« Etre, Paraître, Apparaître, Disparaître » - Epilation – S.R
Voilà une chose qui ne m’est jamais venue à l’esprit : passer du temps à s’arracher soigneusement les petits poils noirs qui poussent autour de la bouche lorsque « l’on prend de l’âge » : c’est vrai que j’ai horreur des glaces et que je n’éprouve -et n’ai jamais éprouvé- aucun plaisir à me regarder.
Mais il est vrai aussi qu’il va falloir que je songe à m’épiler, car ne pas tenir compte du regard des autres est une erreur : mais que vieillir me semble compliqué ! Il faut tellement penser à soi sur le plan physique qu’une bonne partie du temps passe à cela : le temps qu’il faut pour enfiler ses chaussettes, se mettre des gouttes dans les yeux, savoir où l’on a mis ses clés, se demander si c’est aujourd’hui ou demain que l’on a rendez-vous avec X, Y ou Z et pourquoi ?
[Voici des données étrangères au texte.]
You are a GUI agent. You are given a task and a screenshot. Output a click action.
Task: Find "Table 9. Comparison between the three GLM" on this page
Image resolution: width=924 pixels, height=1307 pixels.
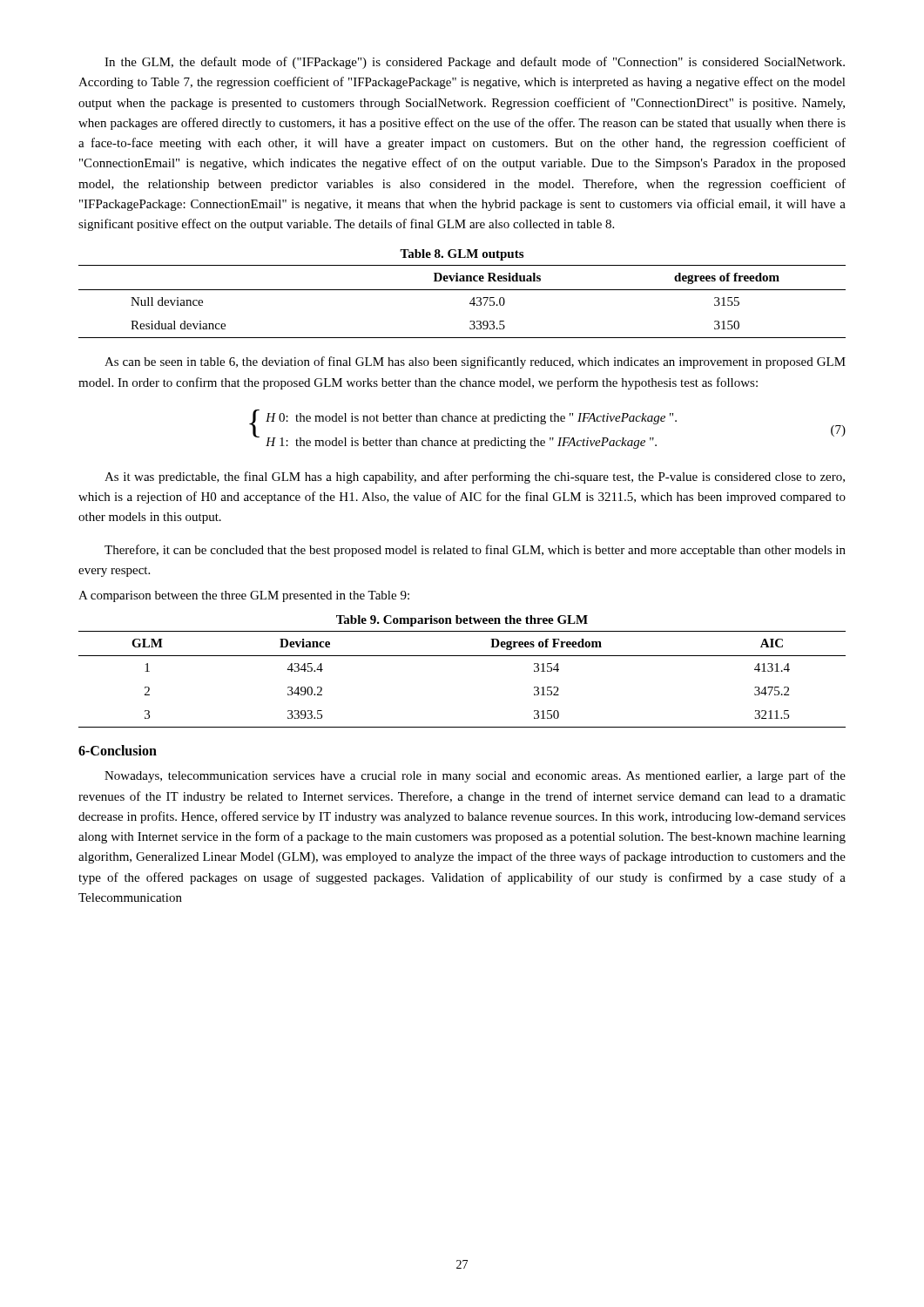462,620

…. Donc, il va falloir que je songe à m’épiler pour être plus attrayante aux yeux des autres. Enfin, c’est ce qu’une amie qui me veut du bien a tenté de me faire comprendre.
Je me demande si beaucoup d’humains songent à s’épiler chaque jour moralement pou tenter de modifier leurs comportements dans la société. « La naissance, la maladie la vieillesse et la mort », voilà les quatre grandes souffrances de la vie, explique la philosophie bouddhique de Nichiren Daïshonin.D’accord, mais…
Vieillir est loin d’être ce que l’on imagine à 18 ans !
Avoir le cerveau qui fonctionne à sa vitesse habituelle de croisière et un corps qui est dans l’impossibilité absolue de suivre le mouvement ; C’est un peu comme en voiture, passer la 5ème vitesse et rouler péniblement à 20 à l’heure.
Pas évident le rapport « Corps et Esprit inséparables » !
Cela permet de comprendre que la mort est finalement une nécessité :
Le tout est d’avoir bien utilisé sa vie, chaque instant présent, pour soi et pour les autres : Donc, je vais m’épiler, je vais déterminer - afin de rendre les autres plus heureux en me regardant- de mettre cela dans mon emploi du temps déjà surchargé : Vu le temps que je mets à accomplir chaque action, je dispose d’encore moins de ce précieux temps, à l’âge de la retraite, qu’auparavant !.
En fait, on ne se méfie jamais assez du temps qui passe.